Where the row_numbers are obviously not what we want. Removing the order by row will fix this

  id   |         name         |      firstUpdated      |      lastUpdated       |     dist      | row 
--------+----------------------+------------------------+------------------------+---------------+-----
   1064 | Portland - SE Lafaye | 2016-03-10 08:00:00+00 | 2022-06-27 14:00:00+00 | 4695.72085254 |   1
 277836 | Ladd's Addition      | 2022-01-23 17:04:59+00 | 2022-06-27 08:32:33+00 |  765.36603846 |   2
 230547 | Patton Rd            | 2021-07-30 19:20:01+00 | 2022-05-30 23:26:11+00 | 4275.30362346 |   3
  69822 | Ardea Apts 4th floor | 2021-01-19 23:59:24+00 | 2022-05-25 16:34:37+00 | 2006.54977501 |   4
 232023 | Home                 | 2021-08-12 23:07:05+00 | 2022-03-25 21:30:59+00 | 4009.31860293 |   5
  73435 | Healy Heights        | 2021-01-19 23:58:56+00 | 2022-03-24 21:31:43+00 | 3973.01820498 |   6
 229251 | 2871 SE Division St  | 2021-07-09 15:55:44+00 | 2022-03-07 15:27:03+00 | 1941.87789715 |   7
  64106 | NW PDX               | 2021-01-19 23:59:54+00 | 2021-12-15 19:27:20+00 | 4215.64193465 |   8
  69252 | Eastmoreland         | 2021-01-19 23:59:05+00 | 2021-10-28 15:29:50+00 |  4732.6373918 |   9
 235562 | NE 54th (Inside)     | 2021-09-11 21:42:07+00 | 2021-09-12 00:13:38+00 | 4665.55044115 |  10
(10 rows)
caparker commented 2 years ago

Removing the order by row does not actually solve the issue because of the json work that is commented out in the statement above.
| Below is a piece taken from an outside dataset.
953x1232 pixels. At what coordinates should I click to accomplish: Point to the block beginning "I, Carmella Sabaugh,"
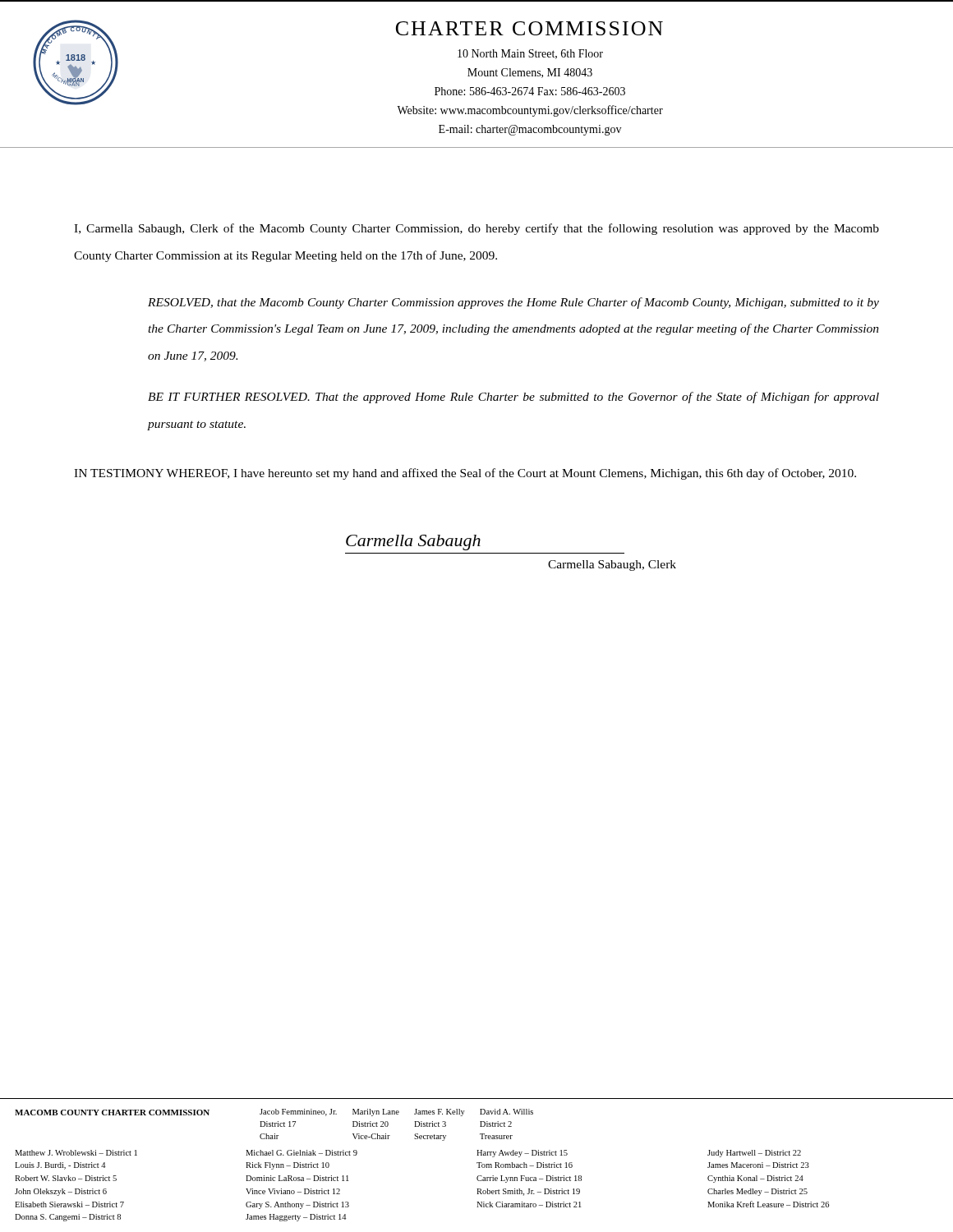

When you look at the results of the full query, again, with some fields commented out, you can see that the json aggregator sorts by the first key

 count |                                                                    json                                                                     
-------+---------------------------------------------------------------------------------------------------------------------------------------------
    18 | {"id": 67465, "name": "PSU_GBRL_Home", "lastUpdated": "2021-12-08T20:22:05+00:00", "firstUpdated": "2021-01-19T23:59:20+00:00"}
    18 | {"id": 70408, "name": "24th and Sherman", "lastUpdated": "2022-06-27T14:42:24+00:00", "firstUpdated": "2021-01-19T23:58:28+00:00"}
    18 | {"id": 218844, "name": "Strand East", "lastUpdated": "2022-06-27T14:41:29+00:00", "firstUpdated": "2021-01-28T18:33:18+00:00"}
    18 | {"id": 224865, "name": "Harrison West 26th floor", "lastUpdated": "2021-04-20T19:07:00+00:00", "firstUpdated": "2021-04-20T18:35:00+00:00"}
    18 | {"id": 233545, "name": "Portland SE 12th and", "lastUpdated": "2022-06-27T14:00:00+00:00", "firstUpdated": "2021-08-26T21:00:00+00:00"}
    18 | {"id": 273423, "name": "Grant and 24th", "lastUpdated": "2022-06-27T14:41:56+00:00", "firstUpdated": "2022-01-20T16:32:17+00:00"}
    18 | {"id": 277490, "name": "Habitatgarden", "lastUpdated": "2022-06-27T14:41:56+00:00", "firstUpdated": "2022-01-20T16:29:39+00:00"}
    18 | {"id": 277836, "name": "Ladd's Addition", "lastUpdated": "2022-06-27T08:32:33+00:00", "firstUpdated": "2022-01-23T17:04:59+00:00"}
    18 | {"id": 290941, "name": "Kat", "lastUpdated": "2022-06-27T14:43:02+00:00", "firstUpdated": "2022-02-18T23:50:09+00:00"}
    18 | {"id": 303816, "name": "SE Harrison & 27th", "lastUpdated": "2022-06-27T14:42:29+00:00", "firstUpdated": "2022-03-27T20:15:14+00:00"}

So in order to fix this so that we can still use the json aggregating method we will need to add the order by statement to the window function as well. For example

row_number() over (ORDER BY st_distance(st_makepoint(:lon,:lat)::geography, geog) asc nulls last) as row

This ensures that the data is sorted by distance and that we can recover this sorting after doing the aggregating later in the query.